Items from a dataset
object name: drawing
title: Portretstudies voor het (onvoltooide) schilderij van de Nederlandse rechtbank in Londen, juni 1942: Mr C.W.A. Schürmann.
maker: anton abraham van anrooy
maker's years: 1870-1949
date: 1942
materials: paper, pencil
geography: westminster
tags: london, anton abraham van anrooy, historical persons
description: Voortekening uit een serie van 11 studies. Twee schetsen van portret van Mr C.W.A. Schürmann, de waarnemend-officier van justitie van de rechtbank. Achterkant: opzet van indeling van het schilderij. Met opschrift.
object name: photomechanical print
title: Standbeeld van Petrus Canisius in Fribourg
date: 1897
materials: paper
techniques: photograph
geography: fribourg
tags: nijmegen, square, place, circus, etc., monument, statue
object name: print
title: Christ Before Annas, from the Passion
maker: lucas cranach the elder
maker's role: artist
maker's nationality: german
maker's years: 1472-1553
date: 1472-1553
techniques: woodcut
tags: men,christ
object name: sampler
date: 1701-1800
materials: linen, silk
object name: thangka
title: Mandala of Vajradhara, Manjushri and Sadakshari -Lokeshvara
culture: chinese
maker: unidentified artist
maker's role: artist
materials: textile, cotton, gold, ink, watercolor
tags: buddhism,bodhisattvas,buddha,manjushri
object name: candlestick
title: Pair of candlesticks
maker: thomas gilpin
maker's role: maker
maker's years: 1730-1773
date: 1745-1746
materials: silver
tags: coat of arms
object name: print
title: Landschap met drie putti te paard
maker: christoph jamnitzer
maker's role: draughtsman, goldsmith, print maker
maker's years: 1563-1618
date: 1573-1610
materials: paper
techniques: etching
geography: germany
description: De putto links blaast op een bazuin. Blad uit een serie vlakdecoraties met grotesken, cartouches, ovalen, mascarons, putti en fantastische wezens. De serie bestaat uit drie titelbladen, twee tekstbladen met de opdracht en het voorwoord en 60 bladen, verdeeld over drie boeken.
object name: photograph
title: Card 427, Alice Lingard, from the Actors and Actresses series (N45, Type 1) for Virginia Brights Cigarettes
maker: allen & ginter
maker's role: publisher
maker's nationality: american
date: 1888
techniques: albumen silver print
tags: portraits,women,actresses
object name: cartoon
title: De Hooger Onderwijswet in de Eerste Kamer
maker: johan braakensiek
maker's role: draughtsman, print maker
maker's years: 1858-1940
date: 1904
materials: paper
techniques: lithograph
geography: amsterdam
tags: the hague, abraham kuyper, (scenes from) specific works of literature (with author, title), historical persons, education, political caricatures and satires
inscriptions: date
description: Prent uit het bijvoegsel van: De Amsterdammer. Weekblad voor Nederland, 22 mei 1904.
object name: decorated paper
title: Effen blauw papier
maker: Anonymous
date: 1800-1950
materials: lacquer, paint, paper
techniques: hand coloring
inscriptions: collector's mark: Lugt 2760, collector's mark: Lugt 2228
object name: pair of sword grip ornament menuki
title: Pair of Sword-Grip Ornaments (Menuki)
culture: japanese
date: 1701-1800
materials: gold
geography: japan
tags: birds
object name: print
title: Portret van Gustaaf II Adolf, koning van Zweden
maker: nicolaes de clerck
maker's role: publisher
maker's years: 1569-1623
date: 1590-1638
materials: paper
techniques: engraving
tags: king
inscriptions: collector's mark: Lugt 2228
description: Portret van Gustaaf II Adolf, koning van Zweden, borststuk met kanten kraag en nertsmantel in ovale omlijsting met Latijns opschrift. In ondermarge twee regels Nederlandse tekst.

Task to carry out>
Write all the entries out again exactly as they are.

Solution to this problem>
object name: drawing
title: Portretstudies voor het (onvoltooide) schilderij van de Nederlandse rechtbank in Londen, juni 1942: Mr C.W.A. Schürmann.
maker: anton abraham van anrooy
maker's years: 1870-1949
date: 1942
materials: paper, pencil
geography: westminster
tags: london, anton abraham van anrooy, historical persons
description: Voortekening uit een serie van 11 studies. Twee schetsen van portret van Mr C.W.A. Schürmann, de waarnemend-officier van justitie van de rechtbank. Achterkant: opzet van indeling van het schilderij. Met opschrift.
object name: photomechanical print
title: Standbeeld van Petrus Canisius in Fribourg
date: 1897
materials: paper
techniques: photograph
geography: fribourg
tags: nijmegen, square, place, circus, etc., monument, statue
object name: print
title: Christ Before Annas, from the Passion
maker: lucas cranach the elder
maker's role: artist
maker's nationality: german
maker's years: 1472-1553
date: 1472-1553
techniques: woodcut
tags: men,christ
object name: sampler
date: 1701-1800
materials: linen, silk
object name: thangka
title: Mandala of Vajradhara, Manjushri and Sadakshari -Lokeshvara
culture: chinese
maker: unidentified artist
maker's role: artist
materials: textile, cotton, gold, ink, watercolor
tags: buddhism,bodhisattvas,buddha,manjushri
object name: candlestick
title: Pair of candlesticks
maker: thomas gilpin
maker's role: maker
maker's years: 1730-1773
date: 1745-1746
materials: silver
tags: coat of arms
object name: print
title: Landschap met drie putti te paard
maker: christoph jamnitzer
maker's role: draughtsman, goldsmith, print maker
maker's years: 1563-1618
date: 1573-1610
materials: paper
techniques: etching
geography: germany
description: De putto links blaast op een bazuin. Blad uit een serie vlakdecoraties met grotesken, cartouches, ovalen, mascarons, putti en fantastische wezens. De serie bestaat uit drie titelbladen, twee tekstbladen met de opdracht en het voorwoord en 60 bladen, verdeeld over drie boeken.
object name: photograph
title: Card 427, Alice Lingard, from the Actors and Actresses series (N45, Type 1) for Virginia Brights Cigarettes
maker: allen & ginter
maker's role: publisher
maker's nationality: american
date: 1888
techniques: albumen silver print
tags: portraits,women,actresses
object name: cartoon
title: De Hooger Onderwijswet in de Eerste Kamer
maker: johan braakensiek
maker's role: draughtsman, print maker
maker's years: 1858-1940
date: 1904
materials: paper
techniques: lithograph
geography: amsterdam
tags: the hague, abraham kuyper, (scenes from) specific works of literature (with author, title), historical persons, education, political caricatures and satires
inscriptions: date
description: Prent uit het bijvoegsel van: De Amsterdammer. Weekblad voor Nederland, 22 mei 1904.
object name: decorated paper
title: Effen blauw papier
maker: Anonymous
date: 1800-1950
materials: lacquer, paint, paper
techniques: hand coloring
inscriptions: collector's mark: Lugt 2760, collector's mark: Lugt 2228
object name: pair of sword grip ornament menuki
title: Pair of Sword-Grip Ornaments (Menuki)
culture: japanese
date: 1701-1800
materials: gold
geography: japan
tags: birds
object name: print
title: Portret van Gustaaf II Adolf, koning van Zweden
maker: nicolaes de clerck
maker's role: publisher
maker's years: 1569-1623
date: 1590-1638
materials: paper
techniques: engraving
tags: king
inscriptions: collector's mark: Lugt 2228
description: Portret van Gustaaf II Adolf, koning van Zweden, borststuk met kanten kraag en nertsmantel in ovale omlijsting met Latijns opschrift. In ondermarge twee regels Nederlandse tekst.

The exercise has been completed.